Adm. Studeman also warned that China can further its control domestically, growing its already capable control system in use by the People’s Armed Police, the Ministry of State Security and its other institutions. He marveled at the way in which China has since put its institutions in place to conduct widespread command and control and push out many simultaneous efforts.
“It is simply the way that they have structured themselves,” he said. “It is a monolithic society. There is a strong capability for them to do even more, whether you are talking Xiong'an or Hong Kong, those are emblematic of areas where the Chinese have essentially attempted to get ‘effective control.’ And this is a foreshadowing of what Chinese effective control will look like in other places. China is using the same techniques to establish effective control over the line of actual control with India or in the areas around Buton, which has not had a lot of press but should.”

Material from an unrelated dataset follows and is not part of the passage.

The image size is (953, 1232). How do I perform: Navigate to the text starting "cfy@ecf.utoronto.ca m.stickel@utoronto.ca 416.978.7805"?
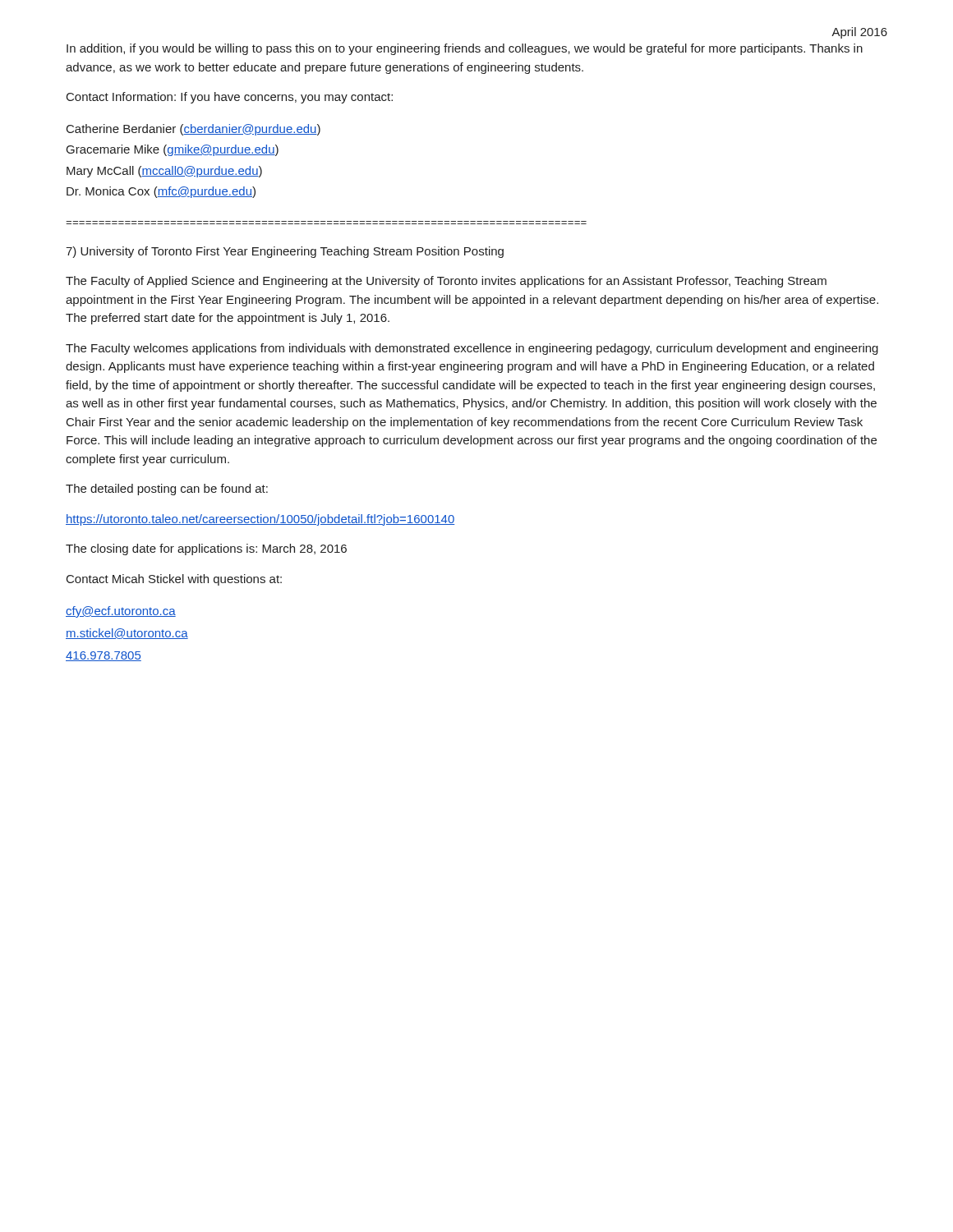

He noted that India is strategically moving away from some of the alignments it has had with China, and that “there has been a warming” with the United States and other countries in the region. “We are working with them on a number of different fronts,” Adm. Studeman offered. “We have a shared interest in the dangers that China has presented. There are a lot more steps we can take along the road to strengthening the relationship with India, but it is stronger perhaps than it has ever been today. We do not intend to push beyond what New Delhi is willing to do. We very much respect where India is in their strategic interests.
“We have an obligation to make sure that we are increasing our preparedness every day for things that are happening in our theater now that are either advantageous to us or disadvantageous to us,” he concluded. “The accumulation of those advantages or disadvantages are very meaningful. That is the importance of readiness for a combat environment but also readiness for the day-to-day competition.”